WORK REQUIRED
A stretch of the entries below is to be set down exactly, running from the line with "Lengths in metres" through the line with "remote control (534,270,619,459)", both included, and no other line.

SUPPLIED DATA
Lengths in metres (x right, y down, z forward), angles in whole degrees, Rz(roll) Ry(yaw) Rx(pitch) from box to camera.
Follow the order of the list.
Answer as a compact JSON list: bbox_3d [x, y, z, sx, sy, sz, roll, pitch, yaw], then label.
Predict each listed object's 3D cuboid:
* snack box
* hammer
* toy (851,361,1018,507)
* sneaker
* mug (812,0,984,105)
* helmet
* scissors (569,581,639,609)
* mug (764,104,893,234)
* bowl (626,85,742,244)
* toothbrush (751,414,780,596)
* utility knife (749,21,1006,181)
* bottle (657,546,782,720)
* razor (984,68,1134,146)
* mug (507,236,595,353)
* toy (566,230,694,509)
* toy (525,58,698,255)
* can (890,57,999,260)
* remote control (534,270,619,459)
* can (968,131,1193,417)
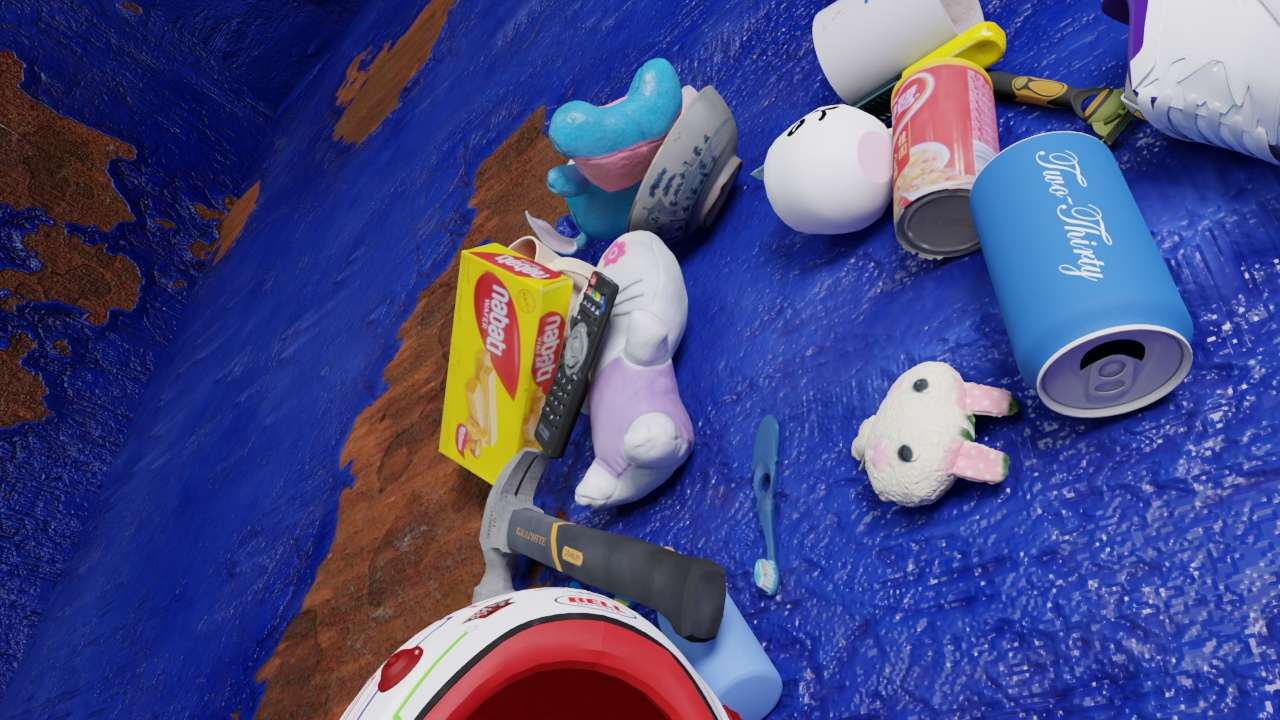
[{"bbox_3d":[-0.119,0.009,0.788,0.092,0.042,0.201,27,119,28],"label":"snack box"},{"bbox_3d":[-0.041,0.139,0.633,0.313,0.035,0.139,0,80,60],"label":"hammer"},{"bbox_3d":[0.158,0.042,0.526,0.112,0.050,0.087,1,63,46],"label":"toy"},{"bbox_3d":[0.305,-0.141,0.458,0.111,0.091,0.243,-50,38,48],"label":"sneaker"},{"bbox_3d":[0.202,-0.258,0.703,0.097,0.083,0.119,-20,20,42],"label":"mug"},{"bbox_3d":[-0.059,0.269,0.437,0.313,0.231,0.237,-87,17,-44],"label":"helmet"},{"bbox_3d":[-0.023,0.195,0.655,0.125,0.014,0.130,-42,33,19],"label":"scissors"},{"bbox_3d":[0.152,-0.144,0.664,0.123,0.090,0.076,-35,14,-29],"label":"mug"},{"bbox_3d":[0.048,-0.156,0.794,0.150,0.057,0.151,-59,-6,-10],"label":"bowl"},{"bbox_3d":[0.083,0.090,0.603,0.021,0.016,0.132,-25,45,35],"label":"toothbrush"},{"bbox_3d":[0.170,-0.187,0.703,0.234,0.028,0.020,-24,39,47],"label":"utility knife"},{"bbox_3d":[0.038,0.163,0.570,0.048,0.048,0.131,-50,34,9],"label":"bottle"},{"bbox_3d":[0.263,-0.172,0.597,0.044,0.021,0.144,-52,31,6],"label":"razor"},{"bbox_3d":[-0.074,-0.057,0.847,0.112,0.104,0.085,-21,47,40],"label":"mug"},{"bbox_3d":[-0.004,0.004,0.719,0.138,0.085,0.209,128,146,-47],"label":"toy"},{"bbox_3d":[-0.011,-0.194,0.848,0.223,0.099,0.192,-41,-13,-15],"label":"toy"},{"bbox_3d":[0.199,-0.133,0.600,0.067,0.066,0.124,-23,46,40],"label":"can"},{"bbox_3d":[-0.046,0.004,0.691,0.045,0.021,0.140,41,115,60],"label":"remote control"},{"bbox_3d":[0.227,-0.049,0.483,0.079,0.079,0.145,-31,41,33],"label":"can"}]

--

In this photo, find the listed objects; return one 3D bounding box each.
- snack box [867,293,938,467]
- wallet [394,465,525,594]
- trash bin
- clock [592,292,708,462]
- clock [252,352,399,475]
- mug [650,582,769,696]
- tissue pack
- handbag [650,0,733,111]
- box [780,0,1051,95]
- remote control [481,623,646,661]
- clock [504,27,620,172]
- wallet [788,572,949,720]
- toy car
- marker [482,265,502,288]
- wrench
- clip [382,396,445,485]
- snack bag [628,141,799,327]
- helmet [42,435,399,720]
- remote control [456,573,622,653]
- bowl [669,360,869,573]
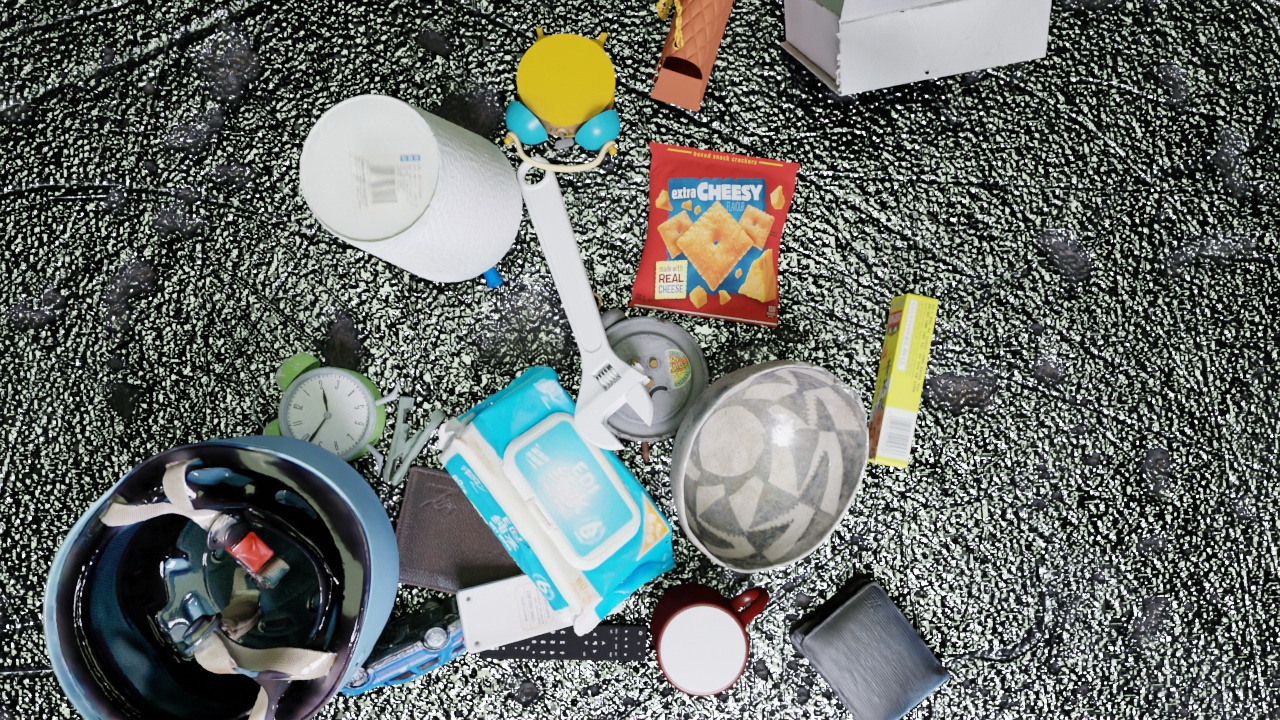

TASK RESULT
Lengths in metres (x right, y down, z forward), angles in whole degrees, Rz(roll) Ry(yaw) Rx(pitch) from box to camera.
Follow the order of the list.
Answer as a compact JSON list: bbox_3d [x, y, z, sx, sy, sz, roll, pitch, yaw], then label.
Predict each listed object's 3D cuboid:
* snack box
* hammer
* toy (851,361,1018,507)
* sneaker
* mug (812,0,984,105)
* helmet
* scissors (569,581,639,609)
* mug (764,104,893,234)
* bowl (626,85,742,244)
* toothbrush (751,414,780,596)
* utility knife (749,21,1006,181)
* bottle (657,546,782,720)
* razor (984,68,1134,146)
* mug (507,236,595,353)
* toy (566,230,694,509)
* toy (525,58,698,255)
* can (890,57,999,260)
* remote control (534,270,619,459)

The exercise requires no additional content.